### Data for analysis:
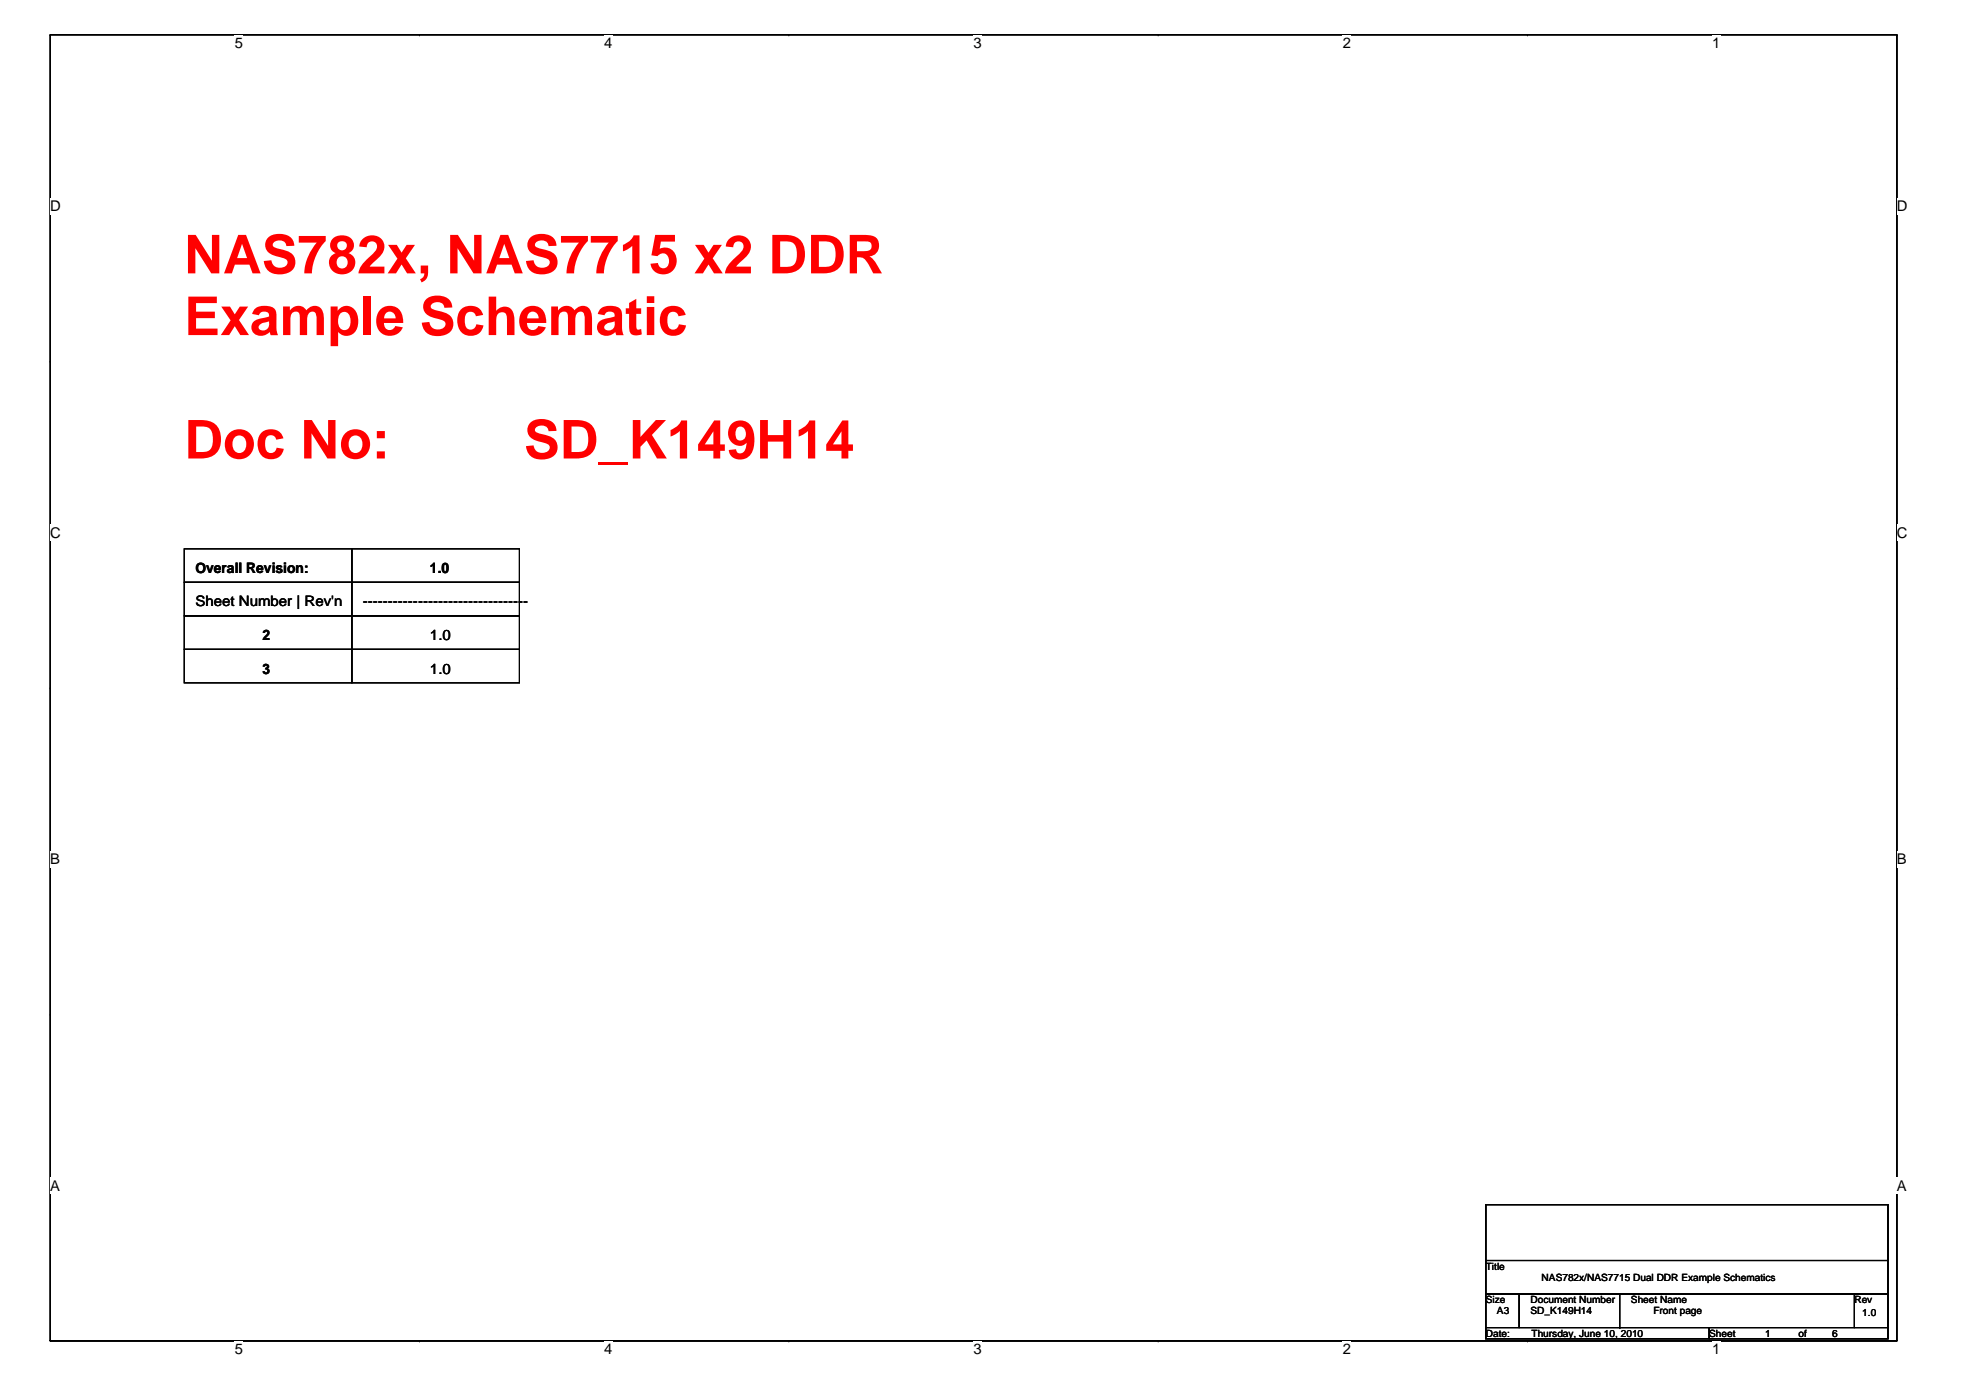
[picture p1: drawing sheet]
<svg xmlns="http://www.w3.org/2000/svg" width="420mm" height="297mm" viewBox="0 0 420 297" stroke-linecap="round" stroke-linejoin="round" font-family="sans-serif">
<defs><g id="words">
<g font-size="11.5" fill="#f00">
<text x="39.4" y="58.4">NAS782x, NAS7715 x2 DDR</text>
<text x="39.4" y="71.6">Example Schematic</text>
<text x="39.4" y="98">Doc No:</text>
<text x="112" y="98">SD_K149H14</text>
</g>
<g font-size="3.2">
<text x="50.2" y="10.3">5</text>
<text x="129.1" y="10.3">4</text>
<text x="208" y="10.3">3</text>
<text x="287" y="10.3">2</text>
<text x="365.9" y="10.3">1</text>
<text x="10.7" y="45.1">D</text>
<text x="405.4" y="45.1">D</text>
<text x="10.7" y="114.9">C</text>
<text x="405.4" y="114.9">C</text>
<text x="10.7" y="184.7">B</text>
<text x="405.4" y="184.7">B</text>
<text x="10.7" y="254.5">A</text>
<text x="405.4" y="254.5">A</text>
<text x="50.2" y="289.4">5</text>
<text x="129.1" y="289.4">4</text>
<text x="208" y="289.4">3</text>
<text x="287" y="289.4">2</text>
<text x="365.9" y="289.4">1</text>
</g>
<g font-size="3.1">
<text x="41.8" y="122.5">Overall Revision:</text>
<text x="91.9" y="122.5">1.0</text>
<text x="41.8" y="129.6">Sheet Number | Rev'n</text>
<text x="77.6" y="129.6">---------------------------------</text>
<text x="56.1" y="136.8">2</text>
<text x="91.9" y="136.8">1.0</text>
<text x="91.9" y="143.9">1.0</text>
<text x="56.1" y="144">3</text>
</g>
<g font-size="2.1">
<text x="317.5" y="271.3">Title</text>
<text x="329.5" y="273.7">NAS782x/NAS7715 Dual DDR Example Schematics</text>
<text x="317.5" y="278.5">Size</text>
<text x="319.9" y="280.8">A3</text>
<text x="327.1" y="278.5">Document Number</text>
<text x="327.1" y="280.8">SD_K149H14</text>
<text x="348.6" y="278.5">Sheet Name</text>
<text x="353.3" y="280.8">Front page</text>
<text x="396.3" y="278.5">Rev</text>
<text x="398" y="281.3">1.0</text>
<text x="317.5" y="285.6">Date:</text>
<text x="327.3" y="285.6">Thursday, June 10, 2010</text>
<text x="365.3" y="285.6">Sheet</text>
<text x="377.2" y="285.6">1</text>
<text x="384.4" y="285.6">of</text>
<text x="391.6" y="285.6">6</text>
</g>
</g></defs>
<path d="M10.7 7.5h394.7v279.1h-394.7z" fill="none" stroke="#000" stroke-width=".23"/>
<g fill="#fff">
<path d="M50.2 7.5h1.7v3.5h-1.7z"/>
<path d="M50.2 286.6h1.7v3.5h-1.7z"/>
</g>
<path d="M89.7 7.5h.1M89.7 286.6h.1" fill="none" stroke="#000" stroke-width=".23"/>
<g fill="#fff">
<path d="M129.1 7.5h1.8v3.5h-1.8z"/>
<path d="M129.1 286.6h1.8v3.5h-1.8z"/>
</g>
<path d="M168.6 7.5h.1M168.6 286.6h.1" fill="none" stroke="#000" stroke-width=".23"/>
<g fill="#fff">
<path d="M208 7.5h1.8v3.5h-1.8z"/>
<path d="M208 286.6h1.8v3.5h-1.8z"/>
</g>
<path d="M247.5 7.5h.1M247.5 286.6h.1" fill="none" stroke="#000" stroke-width=".23"/>
<g fill="#fff">
<path d="M287 7.5h1.7v3.5h-1.7z"/>
<path d="M287 286.6h1.7v3.5h-1.7z"/>
</g>
<path d="M326.4 7.5h.1M326.4 286.6h.1" fill="none" stroke="#000" stroke-width=".23"/>
<g fill="#fff">
<path d="M365.9 7.5h1.8v3.5h-1.8z"/>
<path d="M365.9 286.6h1.8v3.5h-1.8z"/>
<path d="M10.7 42.3h2.3v3.5h-2.3z"/>
<path d="M405.4 42.3h2.3v3.5h-2.3z"/>
<path d="M10.7 112.1h2.3v3.5h-2.3z"/>
<path d="M405.4 112.1h2.3v3.5h-2.3z"/>
</g>
<path d="M10.7 77.2h.1M405.4 77.2h.1" fill="none" stroke="#000" stroke-width=".23"/>
<g fill="#fff">
<path d="M10.7 181.9h2.1v3.5h-2.1z"/>
<path d="M405.4 181.9h2.1v3.5h-2.1z"/>
</g>
<path d="M10.7 147h.1M405.4 147h.1" fill="none" stroke="#000" stroke-width=".23"/>
<g fill="#fff">
<path d="M10.7 251.7h2.1v3.5h-2.1z"/>
<path d="M405.4 251.7h2.1v3.5h-2.1z"/>
</g>
<g fill="none" stroke="#000" stroke-width=".23">
<path d="M39.4 117.3h35.8v7.1h-35.8zM75.2 117.3h35.8v7.1h-35.8zM39.4 124.4h35.8v7.2h-35.8zM39.4 131.6h35.8v7.2h-35.8zM39.4 138.8h35.8v7.1h-35.8zM75.2 124.4h35.8v7.2h-35.8zM75.2 138.8h35.8v7.1h-35.8zM75.2 131.6h35.8v7.2h-35.8zM10.7 216.8h.1M405.4 216.8h.1M317.5 257.4h86v12h-86zM317.5 257.4h86v28.7h-86z"/>
<path d="M317.5 276.5h7.2v7.2h-7.2zM317.5 269.4h86v7.1h-86zM324.7 276.5h71.6v7.2h-71.6zM346.2 276.5v7.2M396.3 276.5h7.2v7.2h-7.2zM317.5 283.7h47.8v2.4h-47.8zM346.2 283.7h.1M365.3 283.7h38.2v2.4h-38.2z"/>
</g>
<use href="#words"/>
</svg>

### Problem to work on:
Reproduce every line of the material above that has the string "Example".

### Solution to this exercise:
<text x="39.4" y="71.6">Example Schematic</text>
<text x="329.5" y="273.7">NAS782x/NAS7715 Dual DDR Example Schematics</text>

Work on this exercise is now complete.